The one proven way to live longer in lab rodents is to consume fewer calories: mice and rats given thirty percent fewer calories live up to forty percent longer than animals allowed to eat as much as they want. For the rest of us, the practical program looks like this. Walk outside with a friend for your aerobic base — consistency is probably more important than intensity. Add two days per week at seventy to seventy-five percent of maximum heart rate for twenty to thirty minutes. Hit the weights twice a week, doing three sets at weights that allow ten to fifteen repetitions — a Tufts University study of women fifty to seventy years old showed that one year of strength training added one percent of bone density in their hips and spine, while the sedentary group lost two-and-a-half percent. Focus on balance and flexibility twice a week through yoga, Pilates, tai chi, or dance. And volunteer — social contact challenges the brain. Statistics show a tight inverse relationship between sociability and mortality. Novel experiences demand more from your brain and build its ability to compensate. You get more Miracle-Gro, more connections, more neurons, and more possibilities.
Chapter 10 — The Regimen
One of the key differences between moderate and high-intensity exercise is that near your maximum — especially in the anaerobic range — the pituitary gland unleashes human growth hormone, or HGH. HGH levels dwindle to a tenth of childhood levels by middle age, and a sedentary lifestyle exacerbates this decline. HGH burns belly fat, layers on muscle fiber, and pumps up brain volume — researchers believe it can reverse the loss of brain volume that naturally occurs with age. A single thirty-second sprint on a stationary bike generated a sixfold increase in HGH, peaking two hours after the sprint. During a forty-minute treadmill run, volunteers who did two three-minute sprints showed significantly higher increases in BDNF and norepinephrine compared to low-intensity subjects.

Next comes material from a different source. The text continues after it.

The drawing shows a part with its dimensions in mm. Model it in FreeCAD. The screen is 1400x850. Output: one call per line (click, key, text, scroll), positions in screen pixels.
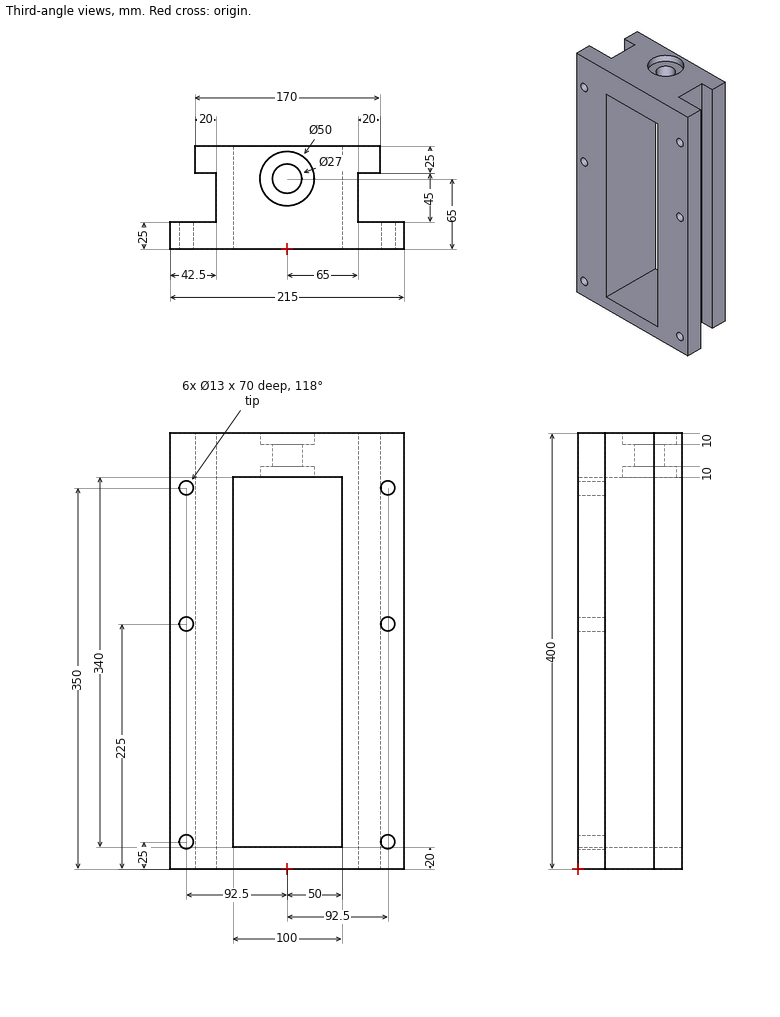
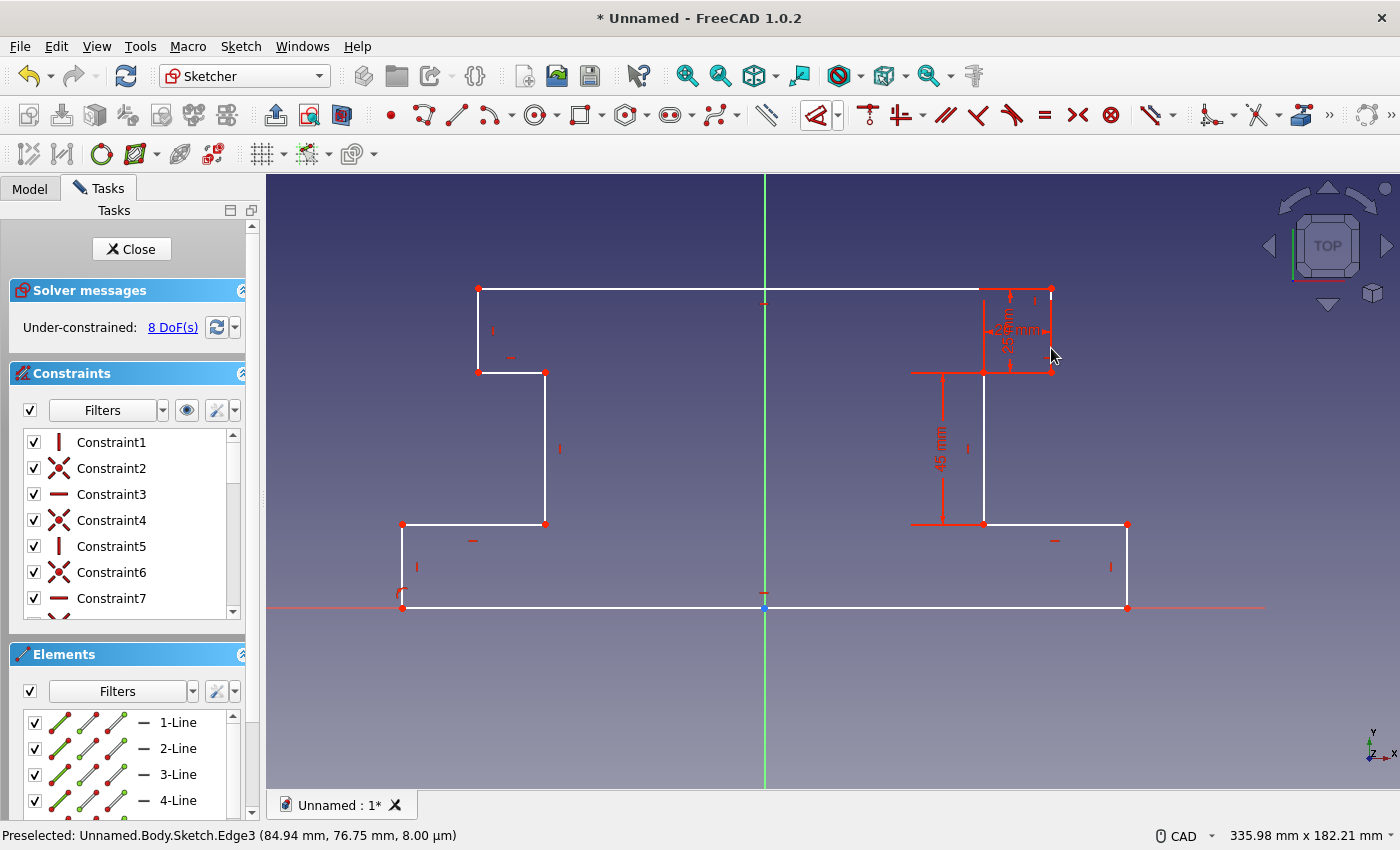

The most important thing is to do something, and to start. Finding the right social context is the key to sticking with it — a city basketball program, Masters swimming, walking with someone you love, tae kwon do, rock climbing. The point is cooperation over competition, and finding the activity that makes you want to come back. What the teachers at Naperville built — a culture of movement and understanding rather than performance and fear — is the template. Exercise is not the punishment at the end of a bad day. It is the most powerful thing you can do for the organ running your life. Lace up your shoes.